30 June
The Peasant and the King Memorial Freeway
(I-5 southern Oregon)
This isn’t where it all began –that was in my
mind back in Rutland, Vermont., a whole other
story—but the germinating seed that was P&K
definitely sprouted and blossomed along this
2 ½ hour stretch of Interstate 5 between Med-
ford and Eugene. I was driving for a courier
service, and my daily routine was to leave Med-
ford at 5:30ish AM with northbound packages,
drop them in Roseburg and Eugene, and come
back with the southbound stuff. I had been along
this route a few times over the years, but not many;
I-5 was never a primary freight corridor for my
employers. But after five round-trips a week for a
while, I felt like I could drive it blindfolded. That’s
what gave me the idea to work on P&K while actually
driving, not just on breaks –not just watching helplessly
as new ideas and materials floated up from the mind’s
eye and crammed themselves into the warehouse of my brain, or spilled out into the cab of the van or out the window. It was probably
the exact creative stimulus I’d been looking for, and the results, I must say, have been prolific; the work was better than anything I’ve
ever done, in quantity and quality. Writing genuinely felt like a vocation for the first time; I had tried to make it so in the past but it
never was. I need the right material of course, but for whatever reason, I also need motion; I need a big window in front of me that’s
always changing, not a beautiful-but-familiar view, or a wall.
I finished the first draft of P&K about a half-hour north of Medford on the day I got fired. I had a lousy relationship with the owner of
the company –I’ll be kind and leave it at that. There was such a tremendous sense of accomplishment that I really didn’t care at all,
and the remarkable timing of it all only helped convince me that I was in that dead-end, $8.50 and hour job for reasons that were far
beyond money or running packages. Getting fired was like God saying, “Well done –now take this to the next level.” (Actually all my
work/job hunting experience in the Rogue Valley seemed to point me directly to another go-around in long-haul driving. How many
people in our lives do we want to flip off and curse their names, when in fact they are only guiding us toward God-given paths we
would never volunteer to take!)
So one last hurrah for me on the ol’ P&K Highway as an Ashland resident.
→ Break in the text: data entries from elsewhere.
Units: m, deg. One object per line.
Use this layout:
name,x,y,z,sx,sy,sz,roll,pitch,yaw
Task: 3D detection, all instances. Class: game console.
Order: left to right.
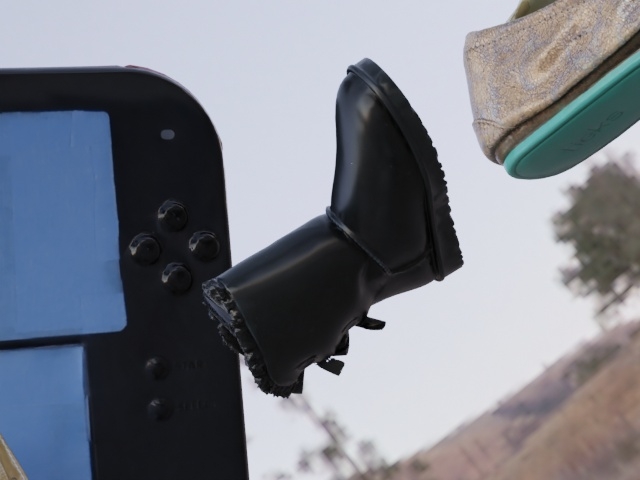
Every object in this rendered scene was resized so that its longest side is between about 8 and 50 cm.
game console,-0.235,0.063,1.088,0.387,0.342,0.060,-3,-7,-23

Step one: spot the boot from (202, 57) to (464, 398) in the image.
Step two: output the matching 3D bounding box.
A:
boot,0.000,-0.001,0.663,0.099,0.045,0.121,-32,-42,-10

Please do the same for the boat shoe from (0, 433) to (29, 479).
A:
boat shoe,-0.169,0.184,1.010,0.072,0.190,0.068,-8,-25,-35

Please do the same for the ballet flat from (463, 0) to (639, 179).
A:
ballet flat,0.193,-0.146,0.889,0.316,0.106,0.107,-31,-25,31
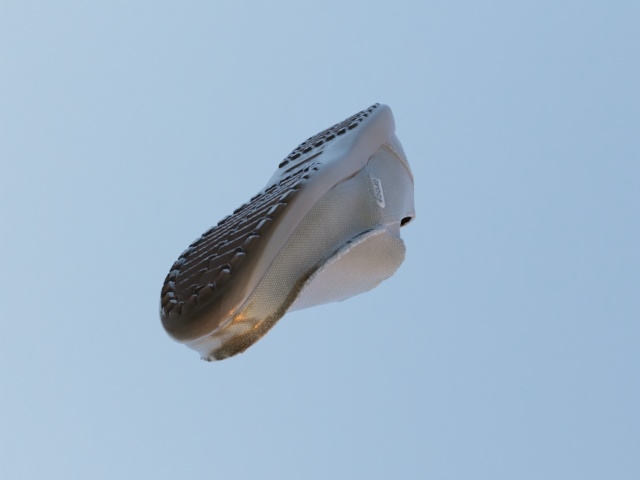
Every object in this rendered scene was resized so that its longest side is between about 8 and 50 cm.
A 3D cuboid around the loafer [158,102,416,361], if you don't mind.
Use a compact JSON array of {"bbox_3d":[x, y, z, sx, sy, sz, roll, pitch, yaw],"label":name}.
[{"bbox_3d":[0.000,0.000,0.430,0.056,0.148,0.050,-28,-78,36],"label":"loafer"}]
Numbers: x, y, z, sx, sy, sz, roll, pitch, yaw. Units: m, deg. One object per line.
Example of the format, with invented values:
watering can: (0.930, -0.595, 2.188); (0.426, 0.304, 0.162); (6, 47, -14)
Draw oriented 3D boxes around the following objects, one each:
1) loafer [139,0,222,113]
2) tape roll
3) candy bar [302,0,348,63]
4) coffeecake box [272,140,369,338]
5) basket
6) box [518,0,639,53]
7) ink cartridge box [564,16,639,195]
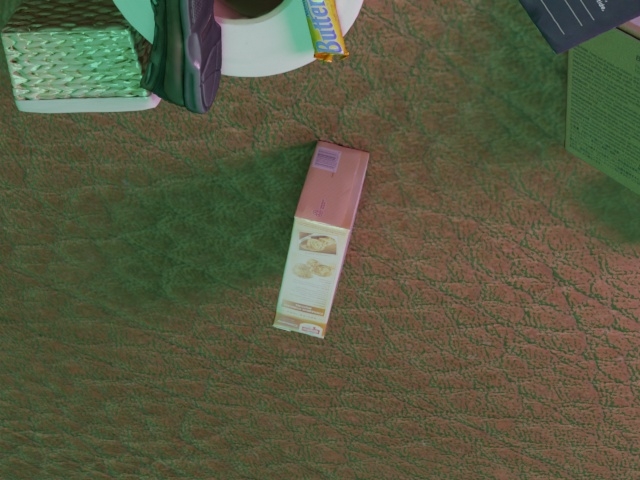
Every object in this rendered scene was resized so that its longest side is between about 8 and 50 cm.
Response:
loafer: (-0.147, -0.238, 1.307); (0.084, 0.096, 0.268); (13, 136, 10)
tape roll: (-0.082, -0.309, 1.356); (0.286, 0.100, 0.286); (7, 132, 7)
candy bar: (-0.004, -0.244, 1.315); (0.040, 0.018, 0.161); (-2, 130, 16)
coffeecake box: (0.000, 0.000, 1.590); (0.068, 0.142, 0.185); (14, 133, 1)
basket: (-0.256, -0.213, 1.477); (0.167, 0.113, 0.103); (1, 128, 12)
box: (0.288, -0.361, 1.054); (0.312, 0.343, 0.179); (-24, 121, 31)
ink cartridge box: (0.357, -0.132, 1.338); (0.234, 0.088, 0.193); (40, 148, 39)

Made the drop and I’m headin’ back empty, this time to stay. I’ll get one full day of hometime anyway, leave Friday to beat the 4th of
July holiday lull in freight. Bray and I both want the miles. We started moving into the new apartment this morning. I am overjoyed
for her to have her own place, where she can set it up and live exactly how she wants. It puts us even more on equal terms, since that
is what I have in my rolling home. Aubray thinks I’m too White Trash because I’m content to use things like milk crates and sleep on
a mattress on the floor. Maybe she’s right, or maybe I’m just perpetually 19. Now I guess I’m free to be either, hot-diggity-dog!
Back to the “main thread.”
Actually, I’m going to resume when I ship out on Friday. My head isn’t in the right space for this, nor should it be. I have emotional
responsibilities while I’m still here, to Bray and myself. I invited her to come with me to Springfield today but she declined, saying she
needed to pack and wanted to go to Wednesday service at ACF. When I got back to the house she was depressed, and wished she had
gone with me, and I realized that I wished she’d come too. This move (and separation) won’t be without some emotion. I need to be
here in full while I’m here, something I’ve never been able to do for her very well. It will be a welcome change. HC- Ashland, Ore.